If the air temperature is the same as the temperature of your skin (about 30\(^\circ\)C), your body cannot get rid of heat by transferring it to the air. In that case, it gets rid of the heat by evaporating water (sweat). During bicycling, a typical 70-kg person's body produces energy at a rate of about 500 W due to metabolism, 80% of which is converted to heat. (a) How many kilograms of water must the person's body evaporate in an hour to get rid of this heat? The heat of vaporization of water at body temperature is \(2.42 \times 10{^6} J/kg\). (b) The evaporated water must, of course, be replenished, or the person will dehydrate. How many 750-mL bottles of water must the bicyclist drink per hour to replenish the lost water? (Recall that the mass of a liter of water is 1.0 kg.)

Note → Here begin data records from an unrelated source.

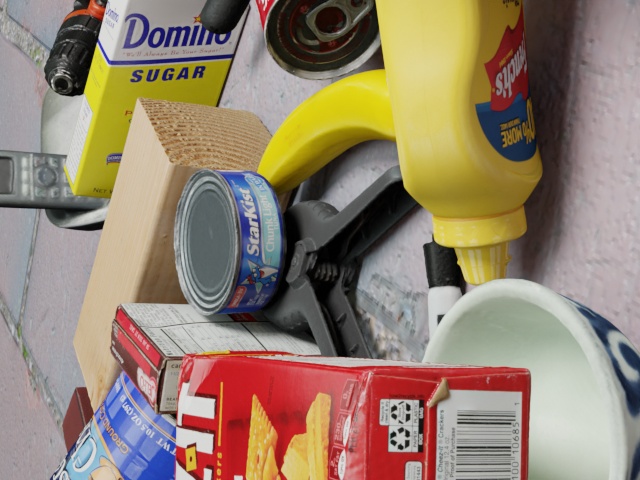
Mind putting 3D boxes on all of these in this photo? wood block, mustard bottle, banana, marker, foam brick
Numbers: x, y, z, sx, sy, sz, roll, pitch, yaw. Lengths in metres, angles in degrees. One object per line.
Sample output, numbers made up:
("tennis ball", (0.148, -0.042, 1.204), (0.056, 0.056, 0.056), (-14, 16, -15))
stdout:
("wood block", (-0.099, 0.017, 0.739), (0.091, 0.090, 0.206), (56, 134, 48))
("mustard bottle", (0.060, -0.074, 0.456), (0.058, 0.096, 0.191), (-2, 104, 25))
("banana", (0.014, -0.059, 0.595), (0.198, 0.037, 0.069), (-25, 56, 58))
("marker", (0.062, 0.055, 0.518), (0.020, 0.020, 0.121), (-21, 68, 58))
("foam brick", (-0.183, 0.169, 0.905), (0.051, 0.052, 0.078), (-64, 35, 33))

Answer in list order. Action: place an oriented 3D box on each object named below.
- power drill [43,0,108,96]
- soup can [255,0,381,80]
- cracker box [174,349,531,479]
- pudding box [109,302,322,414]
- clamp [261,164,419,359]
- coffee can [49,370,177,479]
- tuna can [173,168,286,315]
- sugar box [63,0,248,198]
("power drill", (-0.165, -0.224, 0.867), (0.188, 0.057, 0.184), (-57, 15, 35))
("soup can", (-0.007, -0.148, 0.607), (0.102, 0.068, 0.069), (-106, 35, -44))
("cracker box", (-0.002, 0.129, 0.439), (0.214, 0.072, 0.164), (170, 103, -65))
("pudding box", (-0.058, 0.069, 0.635), (0.090, 0.113, 0.039), (34, 119, 58))
("clamp", (0.000, 0.026, 0.605), (0.172, 0.039, 0.120), (-14, 56, 64))
("coffee can", (-0.117, 0.158, 0.695), (0.140, 0.102, 0.103), (-55, 37, 10))
("tuna can", (-0.054, 0.001, 0.629), (0.086, 0.033, 0.086), (2, 92, 59))
("sugar box", (-0.125, -0.112, 0.798), (0.048, 0.093, 0.176), (60, 136, 45))
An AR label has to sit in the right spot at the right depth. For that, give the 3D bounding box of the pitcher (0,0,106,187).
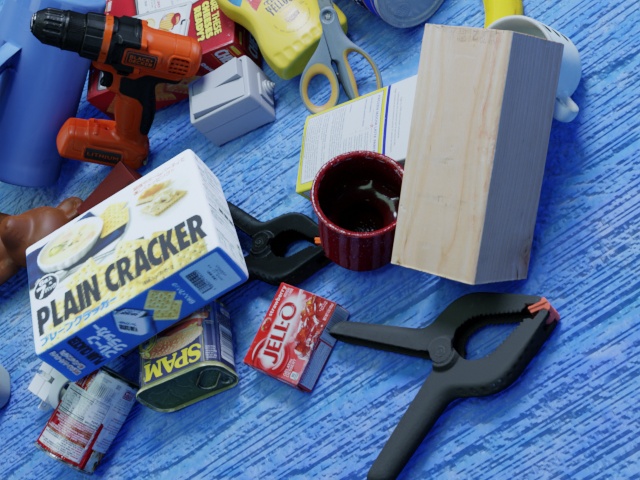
[{"bbox_3d":[-0.344,-0.192,1.256,0.243,0.144,0.149,-66,30,22],"label":"pitcher"}]

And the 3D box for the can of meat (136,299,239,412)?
[{"bbox_3d":[-0.135,0.113,1.070,0.102,0.057,0.084,-24,51,20],"label":"can of meat"}]

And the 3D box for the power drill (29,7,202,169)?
[{"bbox_3d":[-0.241,-0.169,1.190,0.188,0.184,0.057,118,156,-43],"label":"power drill"}]

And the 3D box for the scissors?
[{"bbox_3d":[-0.005,-0.217,1.118,0.096,0.016,0.202,-30,85,10],"label":"scissors"}]

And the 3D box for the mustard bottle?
[{"bbox_3d":[-0.063,-0.275,1.176,0.096,0.058,0.192,-39,78,-5],"label":"mustard bottle"}]

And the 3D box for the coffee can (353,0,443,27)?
[{"bbox_3d":[0.059,-0.299,1.132,0.103,0.102,0.140,-50,49,1],"label":"coffee can"}]

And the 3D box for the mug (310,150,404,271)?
[{"bbox_3d":[0.050,-0.024,0.994,0.117,0.081,0.093,-3,61,0],"label":"mug"}]

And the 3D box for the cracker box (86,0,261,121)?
[{"bbox_3d":[-0.174,-0.251,1.283,0.214,0.072,0.164,-15,59,25],"label":"cracker box"}]

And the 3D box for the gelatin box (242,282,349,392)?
[{"bbox_3d":[-0.024,0.093,1.022,0.073,0.030,0.089,18,76,39],"label":"gelatin box"}]

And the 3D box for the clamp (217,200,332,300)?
[{"bbox_3d":[-0.057,0.001,1.090,0.172,0.039,0.120,-11,65,25],"label":"clamp"}]

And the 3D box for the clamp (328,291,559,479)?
[{"bbox_3d":[0.108,0.113,0.919,0.210,0.036,0.164,-23,54,22],"label":"clamp"}]

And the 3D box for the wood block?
[{"bbox_3d":[0.133,-0.074,0.915,0.090,0.090,0.206,15,101,39],"label":"wood block"}]

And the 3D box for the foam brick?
[{"bbox_3d":[-0.227,-0.039,1.216,0.078,0.051,0.053,-47,50,4],"label":"foam brick"}]

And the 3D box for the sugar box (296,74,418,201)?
[{"bbox_3d":[0.058,-0.099,1.045,0.177,0.048,0.093,-13,60,38],"label":"sugar box"}]

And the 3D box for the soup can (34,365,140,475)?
[{"bbox_3d":[-0.237,0.179,1.093,0.069,0.068,0.102,22,78,39],"label":"soup can"}]

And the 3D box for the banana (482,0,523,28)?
[{"bbox_3d":[0.166,-0.193,1.050,0.070,0.037,0.197,-20,52,47],"label":"banana"}]
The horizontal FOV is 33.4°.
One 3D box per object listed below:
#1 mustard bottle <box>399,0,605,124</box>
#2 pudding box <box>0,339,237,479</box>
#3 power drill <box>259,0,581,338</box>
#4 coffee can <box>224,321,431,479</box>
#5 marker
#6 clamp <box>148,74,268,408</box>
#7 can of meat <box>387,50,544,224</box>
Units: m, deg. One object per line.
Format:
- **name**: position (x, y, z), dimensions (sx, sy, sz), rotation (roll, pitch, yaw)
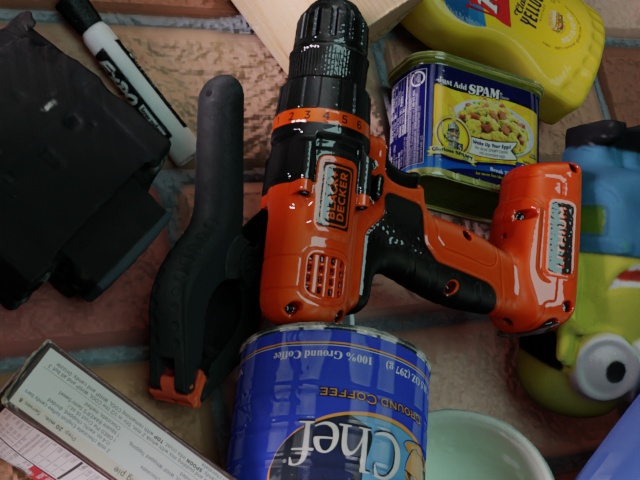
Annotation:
- **mustard bottle**: position (0.103, -0.164, 0.728), dimensions (0.191, 0.058, 0.096), rotation (29, 59, -15)
- **pudding box**: position (-0.102, 0.101, 0.502), dimensions (0.113, 0.090, 0.039), rotation (37, 59, -10)
- **power drill**: position (0.057, -0.029, 0.592), dimensions (0.187, 0.057, 0.184), rotation (14, 75, -25)
- **coffee can**: position (0.001, 0.125, 0.527), dimensions (0.102, 0.103, 0.140), rotation (18, 59, -21)
- **marker**: position (-0.111, -0.095, 0.613), dimensions (0.020, 0.020, 0.121), rotation (-38, 91, -33)
- **clamp**: position (-0.054, 0.001, 0.570), dimensions (0.120, 0.039, 0.171), rotation (51, 50, -41)
- **can of meat**: position (0.093, -0.064, 0.686), dimensions (0.102, 0.058, 0.084), rotation (12, 69, -23)

On a cool (4.0\(^\circ\)C) Saturday morning, a pilot fills the fuel tanks of her Pitts S-2C (a two-seat aerobatic airplane) to their full capacity of 106.0 L. Before flying on Sunday morning, when the temperature is again 4.0\(^\circ\)C, she checks the fuel level and finds only 103.4 L of gasoline in the aluminum tanks. She realizes that it was hot on Saturday afternoon and that thermal expansion of the gasoline caused the missing fuel to empty out of the tank's vent. (a) What was the maximum temperature (in \(^\circ\)C) of the fuel and the tank on Saturday afternoon? The coefficient of volume expansion of gasoline is \(9.5 \times 10{^-}{^4} K{^-}{^1}\). (b) To have the maximum amount of fuel available for flight, when should the pilot have filled the fuel tanks?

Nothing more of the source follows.